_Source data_
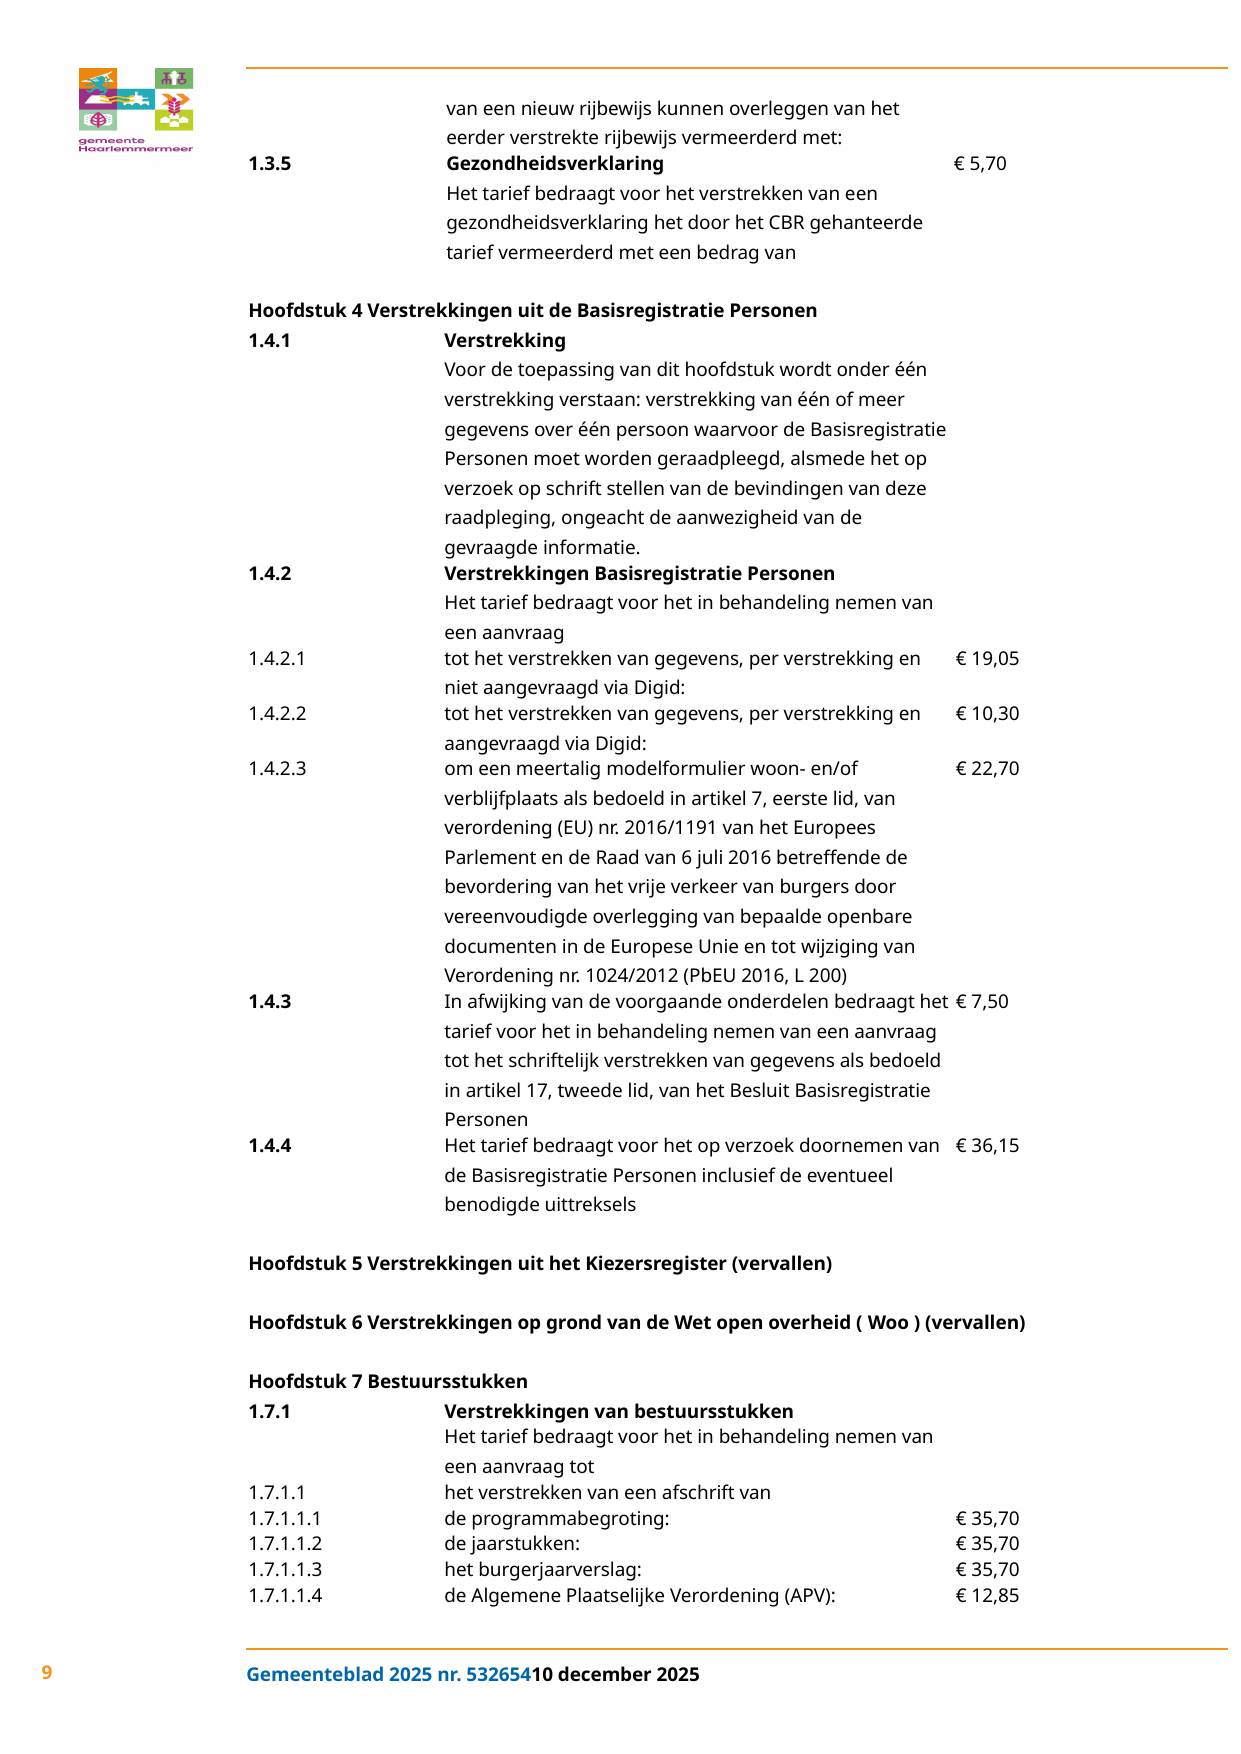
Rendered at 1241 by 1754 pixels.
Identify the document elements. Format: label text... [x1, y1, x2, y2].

table_cell [954, 95, 1152, 150]
table_cell [248, 95, 446, 150]
text Hoofdstuk 7 Bestuursstukken [248, 1368, 1152, 1394]
table_cell 1.4.4 [248, 1132, 444, 1217]
table_cell Verstrekkingen Basisregistratie Personen Het tarief bedraagt voor het in behandeling nemen van een aanvraag [444, 560, 956, 645]
table_cell € 35,70 [956, 1556, 1152, 1582]
table_cell 1.7.1.1.3 [248, 1556, 444, 1582]
table_cell tot het verstrekken van gegevens, per verstrekking en niet aangevraagd via Digid: [444, 645, 956, 700]
table_cell € 36,15 [956, 1132, 1152, 1217]
table_cell In afwijking van de voorgaande onderdelen bedraagt het tarief voor het in behandeling nemen van een aanvraag tot het schriftelijk verstrekken van gegevens als bedoeld in artikel 17, tweede lid, van het Besluit Basisregistratie Personen [444, 988, 956, 1132]
table_cell € 10,30 [956, 700, 1152, 755]
table_cell 1.4.2.1 [248, 645, 444, 700]
table_header 1.7.1 [248, 1398, 444, 1424]
text Hoofdstuk 4 Verstrekkingen uit de Basisregistratie Personen [248, 297, 1152, 323]
table_cell 1.4.2.2 [248, 700, 444, 755]
table_cell de Algemene Plaatselijke Verordening (APV): [444, 1582, 956, 1608]
table_cell de jaarstukken: [444, 1531, 956, 1556]
table_cell de programmabegroting: [444, 1505, 956, 1531]
table_cell [956, 1424, 1152, 1479]
table_header Verstrekkingen van bestuursstukken [444, 1398, 956, 1424]
table_cell [956, 1479, 1152, 1505]
table_cell Het tarief bedraagt voor het in behandeling nemen van een aanvraag tot [444, 1424, 956, 1479]
table_cell 1.4.3 [248, 988, 444, 1132]
table_cell € 5,70 [954, 150, 1152, 264]
table_cell Het tarief bedraagt voor het op verzoek doornemen van de Basisregistratie Personen inclusief de eventueel benodigde uittreksels [444, 1132, 956, 1217]
table_cell 1.7.1.1.1 [248, 1505, 444, 1531]
table_cell 1.4.2 [248, 560, 444, 645]
table_cell € 35,70 [956, 1505, 1152, 1531]
table_cell om een meertalig modelformulier woon- en/of verblijfplaats als bedoeld in artikel 7, eerste lid, van verordening (EU) nr. 2016/1191 van het Europees Parlement en de Raad van 6 juli 2016 betreffende de bevordering van het vrije verkeer van burgers door vereenvoudigde overlegging van bepaalde openbare documenten in de Europese Unie en tot wijziging van Verordening nr. 1024/2012 (PbEU 2016, L 200) [444, 755, 956, 988]
table_cell € 35,70 [956, 1531, 1152, 1556]
table_cell 1.7.1.1.2 [248, 1531, 444, 1556]
table_cell tot het verstrekken van gegevens, per verstrekking en aangevraagd via Digid: [444, 700, 956, 755]
table_cell 1.4.2.3 [248, 755, 444, 988]
table_cell het verstrekken van een afschrift van [444, 1479, 956, 1505]
table_cell € 19,05 [956, 645, 1152, 700]
table_cell 1.7.1.1.4 [248, 1582, 444, 1608]
table_cell [248, 1424, 444, 1479]
table_cell € 12,85 [956, 1582, 1152, 1608]
table_cell Gezondheidsverklaring Het tarief bedraagt voor het verstrekken van een gezondheidsverklaring het door het CBR gehanteerde tarief vermeerderd met een bedrag van [446, 150, 954, 264]
table_cell € 7,50 [956, 988, 1152, 1132]
text Hoofdstuk 5 Verstrekkingen uit het Kiezersregister (vervallen) [248, 1250, 1152, 1276]
picture [41, 47, 231, 172]
table_cell 1.3.5 [248, 150, 446, 264]
table_cell 1.7.1.1 [248, 1479, 444, 1505]
text Hoofdstuk 6 Verstrekkingen op grond van de Wet open overheid ( Woo ) (vervallen) [248, 1309, 1152, 1335]
table_header Verstrekking Voor de toepassing van dit hoofdstuk wordt onder één verstrekking verstaan: verstrekking van één of meer gegevens over één persoon waarvoor de Basisregistratie Personen moet worden geraadpleegd, alsmede het op verzoek op schrift stellen van de bevindingen van deze raadpleging, ongeacht de aanwezigheid van de gevraagde informatie. [444, 327, 956, 560]
table_cell van een nieuw rijbewijs kunnen overleggen van het eerder verstrekte rijbewijs vermeerderd met: [446, 95, 954, 150]
table_header [956, 327, 1152, 560]
table_header 1.4.1 [248, 327, 444, 560]
table_cell € 22,70 [956, 755, 1152, 988]
table_cell [956, 560, 1152, 645]
table_cell het burgerjaarverslag: [444, 1556, 956, 1582]
table_header [956, 1398, 1152, 1424]

_EXERCISE BRIEF_
Which lines above contain the word "aangevraagd"? Copy each of them.

_EXERCISE RESULT_
table_cell tot het verstrekken van gegevens, per verstrekking en niet aangevraagd via Digid: [444, 645, 956, 700]
table_cell tot het verstrekken van gegevens, per verstrekking en aangevraagd via Digid: [444, 700, 956, 755]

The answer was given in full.